Update (July 28, 2017): A Minnesota lawyer and Hawaiian dance performer (along with her father) was allegedly spied on while changing costumes at a company party apparently hosted by Empire Entertainment, L.L.C., d/b/a The Pourhouse. Ew. If this person wants to bring a lawsuit in connection with this invasion of privacy, must she go forward under her own name, effectively publicizing a private and humiliating experience? Yes. So held the Minnesota Court of Appeals and the Minnesota Supreme Court recently denied “Ms. Doe’s” petition for further review (here is Ms. Doe’s petition). It seems that our legal system adds injury to injury sometimes. On the other hand, as discussed in the original post below, allowing anonymity broadly in our public dispute resolution system (that is, our court system) poses its own risk of serious injury to innocent parties.
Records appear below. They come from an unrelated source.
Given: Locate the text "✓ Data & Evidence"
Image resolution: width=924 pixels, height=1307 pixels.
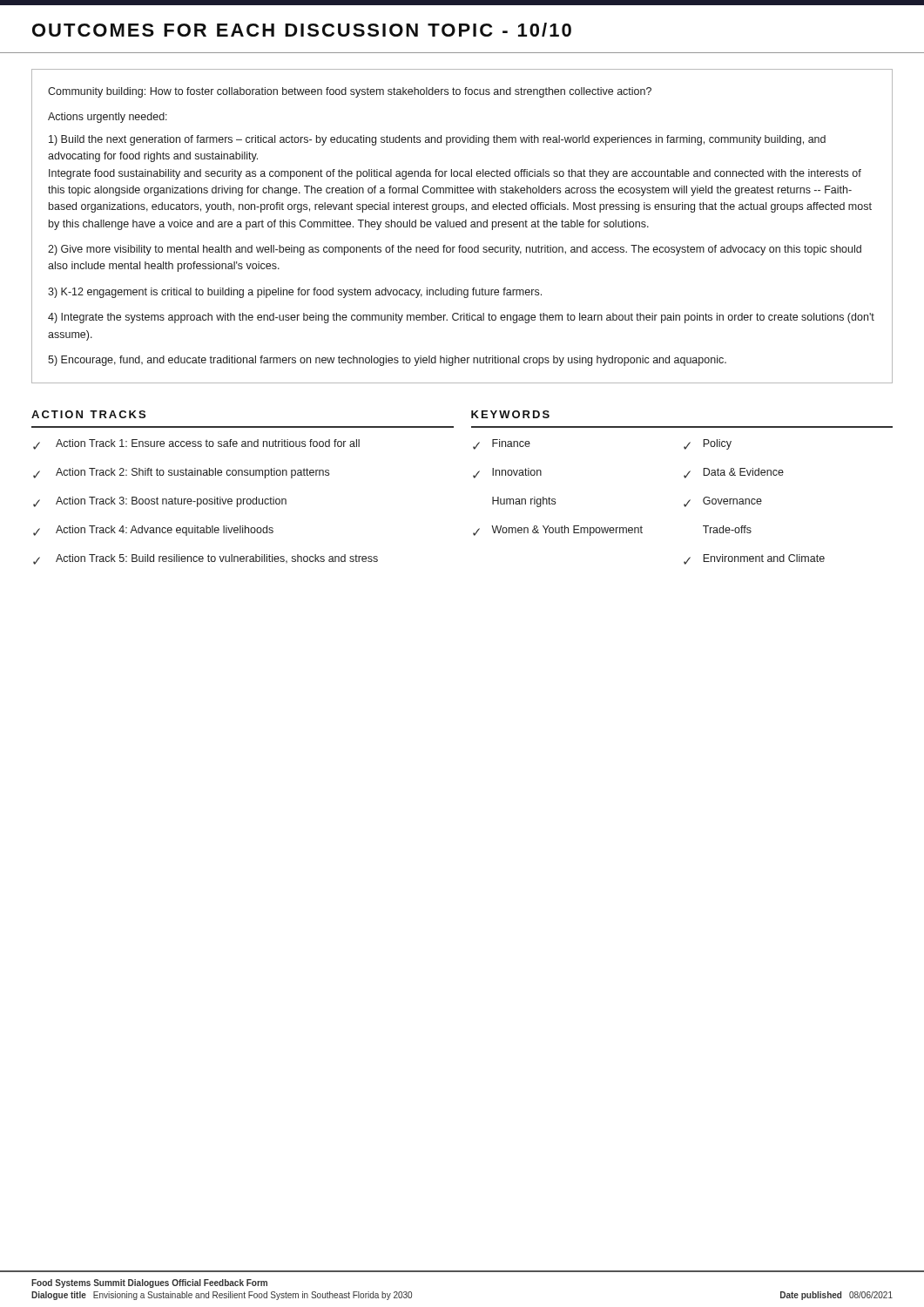Looking at the screenshot, I should coord(733,475).
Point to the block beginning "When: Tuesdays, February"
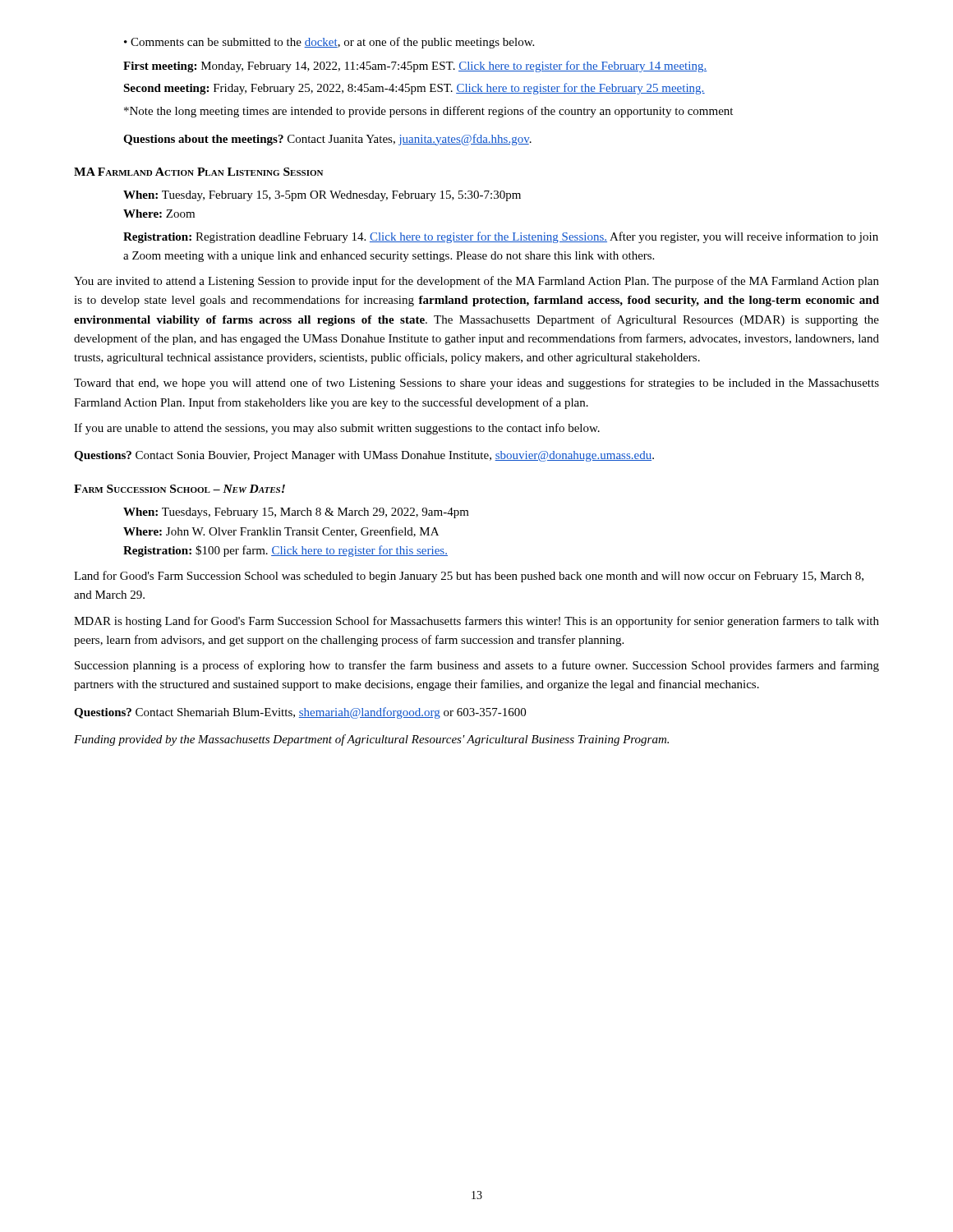The width and height of the screenshot is (953, 1232). point(296,531)
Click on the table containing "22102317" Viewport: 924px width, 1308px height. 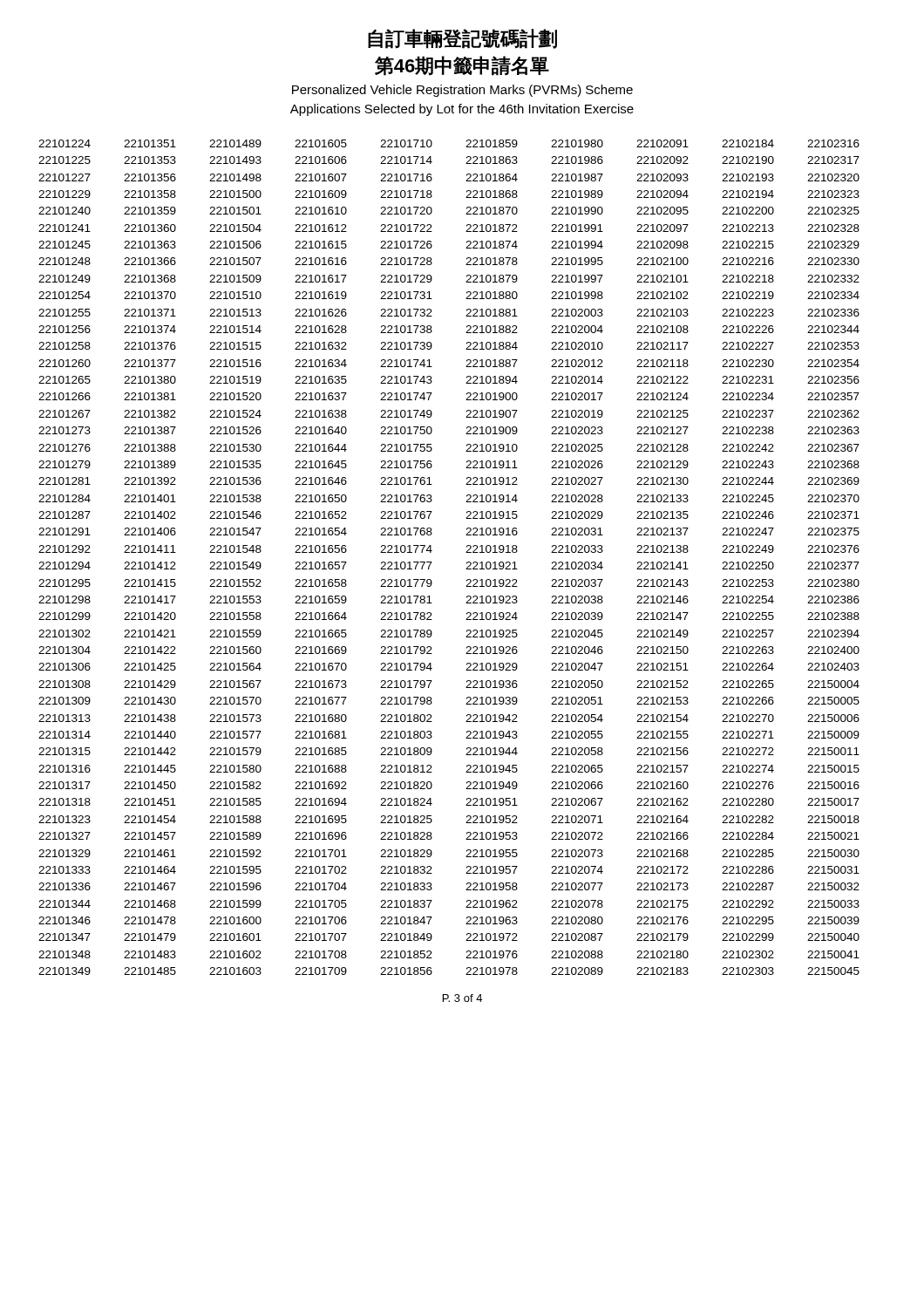click(462, 557)

Original post (April 25, 2016): Savor the irony of an exhibitionist seeking to bring a lawsuit anonymously. Exquisite, is it not? “Mr. P” repeatedly and compulsively exhibits his private parts but, actually, he’s otherwise a very private person. So he hopes to conceal his name when suing his former employer for firing him on account of his exhibitionism?
We call this “chutzpah.”
Common sense dictates that the disclosure of the identity of this plaintiff is not protected by any statute or rule of court and would be no more detrimental than disclosure of the identity of the doctor accused of sexual impropriety in Coe v. United States District Court, 676 F.2d 411 (10th Cir. 1982), or of the alcoholic plaintiff in Doe v. Frank, 951 F.2d 320 (11th Cir. 1992). Cf. Clowes v. Terminix International, Inc., 109 N.J. 575, 538 A.2d 794 (1988) (plaintiff who successfully argued that alcoholism is a “handicap” under the LAD proceeded under his true name).
Our state and federal court systems are open and public. That is the default rule throughout the United States. That is a bedrock premise of our justice system.
In Minnesota, I am unaware of any rule or law that permits filing a complaint anonymous as a matter of right. The Minnesota Rules of Juvenile Protection Procedure provide a mechanism for anonymity “if a party is endangered.” Minn. R. Juv. Protect. 21.03. But, though rules do not widely allow it, using “John Doe” or initials for some civil litigation plaintiffs is not uncommon in Minnesota. In fact, it is common in family law cases. Understandably so. The privacy interests can be immense; the public importance can be zero. And most of the time, no one objects — none of the litigants, no members of the press, and none of the public.
But there can be a significant problem and a risk in allowing civil litigants to cloak their identities in lawsuits.
Court pleadings are given absolute immunity. “Defamatory matter published in the due course of a judicial proceeding is absolutely privileged and will not support a civil action for defamation even if made maliciously and with knowledge of its falsehood.”
Combining absolute immunity with anonymity opens up our court system to the risk of terrible abuse. Out of despair, stupidity, or vindictiveness, a person could cause serious damage to the reputation of a business or another person. A person could use the court system for extortions without recourse. If our system casually allows people to use the court system to attack someone else’s reputation anonymously, the victim would have absolutely no legal recourse. The defamers would not even have their own reputations in play for their destructive and false accusations.